Four different LR test consider the following constraints:

Error vs OLS, i.e., \(\lambda = 0\) in the Error model: arguments are ols1 and err1
SLX-Error vs OLS, i.e., both \(\lambda = 0\) and \(\gamma = 0\) in the SLX-Error model: argumentes are ols1 and slxerr
SLX-Error model vs Error model, i.e., \(\gamma = 0\) in the SLX-Error model: arguments are err1 and slxerr
SLX-Error model vs SLX, i.e., \(\lambda = 0\) in the SLX-Error model: arguments are slx1 and slxerr

[ ]:

LR_Error = likratiotest(ols1,err1)
LR_SLXO = likratiotest(ols1,slxerr)
LR_SLXE = likratiotest(err1,slxerr)
LR_SLXS = likratiotest(slx1,slxerr)

print(f"LR statistic Error-OLS: {LR_Error["likr"]:0.3f}, d.f. {LR_Error["df"]:2d}, p-value {LR_Error["p-value"]:0.4f}")
print(f"LR statistic SLX-Err-OLS: {LR_SLXO["likr"]:0.3f}, d.f. {LR_SLXO["df"]:2d}, p-value {LR_SLXO["p-value"]:0.4f}")
print(f"LR statistic SLX-Err-Error: {LR_SLXE["likr"]:0.3f}, d.f. {LR_SLXE["df"]:2d}, p-value {LR_SLXE["p-value"]:0.4f}")
print(f"LR statistic SLX-Err-SLX: {LR_SLXS["likr"]:0.3f}, d.f. {LR_SLXS["df"]:2d}, p-value {LR_SLXS["p-value"]:0.4f}")

In the current example, all null hypotheses are strongly rejected.

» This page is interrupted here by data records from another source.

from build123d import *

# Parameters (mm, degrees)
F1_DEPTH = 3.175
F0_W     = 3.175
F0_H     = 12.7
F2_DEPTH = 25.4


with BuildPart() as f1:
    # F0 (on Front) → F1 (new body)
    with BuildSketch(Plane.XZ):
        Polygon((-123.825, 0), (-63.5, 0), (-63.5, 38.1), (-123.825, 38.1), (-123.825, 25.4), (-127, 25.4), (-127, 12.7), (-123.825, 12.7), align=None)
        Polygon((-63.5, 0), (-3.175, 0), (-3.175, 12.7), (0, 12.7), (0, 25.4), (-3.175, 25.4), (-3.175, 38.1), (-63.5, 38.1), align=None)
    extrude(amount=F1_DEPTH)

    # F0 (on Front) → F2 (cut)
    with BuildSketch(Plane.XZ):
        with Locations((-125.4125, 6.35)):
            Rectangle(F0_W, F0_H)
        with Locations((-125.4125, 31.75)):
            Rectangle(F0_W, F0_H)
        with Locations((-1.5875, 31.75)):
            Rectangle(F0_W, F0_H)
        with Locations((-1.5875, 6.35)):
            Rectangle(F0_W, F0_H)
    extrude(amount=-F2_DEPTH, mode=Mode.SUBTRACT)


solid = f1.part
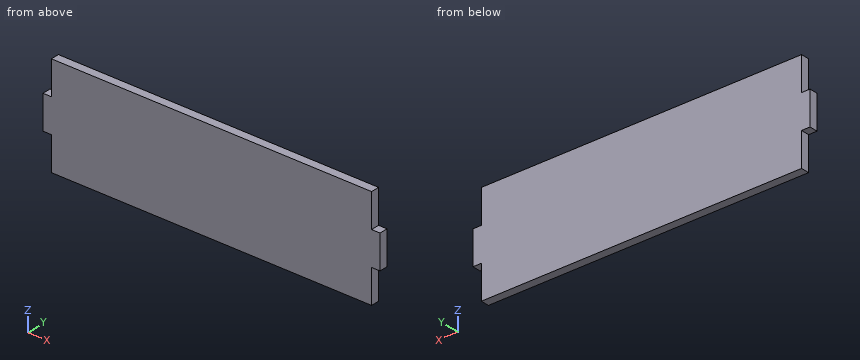
Verification items for the finished model (mm, model axes). Give positions to 0.01 mm unless a question says otherwise; leave off trailing zeros. Loops run counter-clockwise (first coordinate to the right, second up) from the corner with the lowest first, then second, coordinate; pieces in that order, holes last. Notation, with made-up numbers: (46, -34.75) - (84, -34.75) arc R13 cw to (84, -17.75) - close; hole circle Ø6 at (28.25, 12.5). An arc over 180 degrees is marked (long way). Write item = value, one per line. Start each with the question number.
Q1. Depth check by flat-ended pin: P1, Ø1, axis at y = -1, z = 32, coming from the -X side (3 decimals); P2, Ø1.6, axis at y = -2, z = 33.5, coming from the +X side (3 decimals); P3, Ø1.6, axis at x = -125, y = -2, coming from the -Z side. Enter the tip coordinate at first touch or a pass-through.
Q2. Cross-section at B-B, the plane z = 32. Enter the section's corners in (x, y) (3 decimals).
Q3. Cross-section at A-A, the plane y = -1.5. Enter the section's corners in (x, z) (3 decimals).
Q4. Thickness scan on line 1 (X direction, y = -1.6, z = 3.5) (3 decimals). Record the ranges inside material, lowest first.
Answer key:
q1.P1 = -123.825
q1.P2 = -3.175
q1.P3 = 12.7
q2.outline = (-123.825, -3.175) - (-3.175, -3.175) - (-3.175, 0) - (-123.825, 0) - close
q3.outline = (-127, 12.7) - (-123.825, 12.7) - (-123.825, 0) - (-3.175, 0) - (-3.175, 12.7) - (0, 12.7) - (0, 25.4) - (-3.175, 25.4) - (-3.175, 38.1) - (-123.825, 38.1) - (-123.825, 25.4) - (-127, 25.4) - close
q4.line_1 = -123.825 to -3.175
The model under review builds one solid part; all positions refer to its coordinate system, in mm. Give positions to 0.01 mm unless a question says otherwise; leave off trailing zeros. Loops run counter-clockwise (first coordinate to the right, second up) from the corner with the lowest first, then second, coordinate; pieces in that order, holes last. Notation, with made-up numbers: (81.25, 3.25) - (96.25, 3.25) arc R17 cw to (96.25, 16.25) - close; hole circle Ø8 at (60.25, 89). An arc over 180 degrees is marked (long way). Return JSON: item names as keys, results as strings. Group by question number.
```python
from build123d import *

# Parameters (mm, degrees)
SKETCH13_R              = 4.7625
BOSS_EXTRUDE1_DEPTH     = 6.35
SKETCH14_R              = 12.7
CUT_EXTRUDE1_DEPTH      = 7.35
CUT_EXTRUDE1_DEPTH_BACK = 1
FILLET1_R               = 2.54
FILLET2_R               = 25.4


with BuildPart() as part:
    # Sketch13 → Boss-Extrude1 (new body)
    with BuildSketch(Plane(origin=(0, 0, 0), x_dir=(1, 0, 0), z_dir=(0, 1, 0))):
        with BuildLine():
            Line((12.7, 54.409872551), (25.137792916, 10.286231112))
            Line((25.137792916, 10.286231112), (13.84741683, -34.144859739))
            ThreePointArc((13.84741683, -34.144859739), (0, -44.913595269), (-13.84741683, -34.144859739))
            Line((-13.84741683, -34.144859739), (-25.137792916, 10.286231112))
            Line((-25.137792916, 10.286231112), (-12.7, 54.409872551))
            Line((-12.7, 54.409872551), (12.7, 54.409872551))
        make_face()
        with Locations((0, -30.626095269)):
            Circle(SKETCH13_R, mode=Mode.SUBTRACT)
    extrude(amount=BOSS_EXTRUDE1_DEPTH)

    # Sketch14 → Cut-Extrude1 (cut, two sides)
    with BuildSketch(Plane(origin=(0, 0, 0), x_dir=(1, 0, 0), z_dir=(0, 1, 0))) as cut_extrude1_sk:
        with Locations((0, 54.409872551)):
            Circle(SKETCH14_R)
    extrude(amount=CUT_EXTRUDE1_DEPTH, mode=Mode.SUBTRACT)
    extrude(cut_extrude1_sk.sketch, amount=-CUT_EXTRUDE1_DEPTH_BACK, mode=Mode.SUBTRACT)

    # Fillet1
    fillet1_edges = [part.edges().sort_by_distance(p)[0] for p in [
        (12.7, 3.175, -54.409872551),
        (-12.7, 3.175, -54.409872551),
    ]]
    fillet(fillet1_edges, radius=FILLET1_R)

    # Fillet2
    fillet2_edges = [part.edges().sort_by_distance(p)[0] for p in [
        (25.137792916, 3.175, -10.286231112),
        (-25.137792916, 3.175, -10.286231112),
    ]]
    fillet(fillet2_edges, radius=FILLET2_R)


solid = part.part
```
1) We need section B-B, the plane y = 5.5. Write out the cut boundary in (x, z) (1 decimal), plus the area to 3 significant figures.
2) Draft analysis for pull direction X (two halves, no side actions). For faces 1 (the face through (-12.894, 3.219, -48.222)), 2 (the face through (18.722, 3.131, 14.963)), 3 (the face through (0.26, 3.13, 44.91)), state which applies: +X half, -X half, draft (parallel to the pull), parting line (faces both ways), or undercut.
3) We need section C-C, the plane x = 18. Write out the cut boundary in (y, z), plus the area to 3 significant figures.
4) To check wall thickness, follow line 1 (Z direction, x = 0, y = 3.5); line 2 (X direction, y = 5.5, z = 30); line 3 (Z direction, x = 5, y = 5). State the ranges of each line that lie inside material, in increasing order.
5) We need section A-A, the plane x = 0. Write out the cut boundary in (y, z), plus the area to 3 significant figures.
6) For pin 1 Ø1.5 at (x, z) = (-19, -25.5) entering from -Y, flat-tipped, find the tip position at first contact; note if it passes through.
7) We need section D-D, the plane z = 16.5. Write out the cut boundary in (x, y).
Findings:
{
 "1": {"outline": "(-23.5, -3.7) arc R25.4 ccw to (-23.3, -16.8) - (-15, -46.4) arc R2.5 ccw to (-10.4, -47.2) arc R12.7 cw to (10.4, -47.2) arc R2.5 ccw to (15, -46.4) - (23.3, -16.8) arc R25.4 ccw to (23.5, -3.7) - (13.8, 34.1) arc R14.3 ccw to (-13.8, 34.1) - close; hole circle Ø9.5 at (0, 30.6)", "area": "3,270 mm^2"},
 "2": {"face 1": "undercut", "face 2": "+X half", "face 3": "parting line"},
 "3": {"outline": "(0, -35.61) - (6.35, -35.61) - (6.35, 17.8) - (0, 17.8) - close", "area": "339 mm^2"},
 "4": {"line 1": "z = -41.71 to 25.86, 35.39 to 44.91", "line 2": "x = -14.9 to -4.72, 4.72 to 14.9", "line 3": "z = -42.74 to 44.01"},
 "5": {"outline": "(0, -41.71) - (6.35, -41.71) - (6.35, 25.86) - (0, 25.86) - close; (0, 35.39) - (6.35, 35.39) - (6.35, 44.91) - (0, 44.91) - close", "area": "490 mm^2"},
 "6": {"pin 1": "stops at y = 0"},
 "7": {"outline": "(-18.33, 0) - (18.33, 0) - (18.33, 6.35) - (-18.33, 6.35) - close"}
}

For the error model in this example, the LM-Error test statistic was 88.33, the Wald test was 9.560^2 or 91.38, and the LR test (above) 72.72. Whereas the LR and Wald test follow the prescribed order (LM < LR < W), the LM-Lag test does not, which may point to potential remaining specification problems.

As mentioned, the model can be refined by selectively setting slx_vars, but this is not pursued here.

Practice¶

As practice, different model specifications could be considered, including adding additional explanatory variables, selectively removing some lag terms, and using different spatial weights.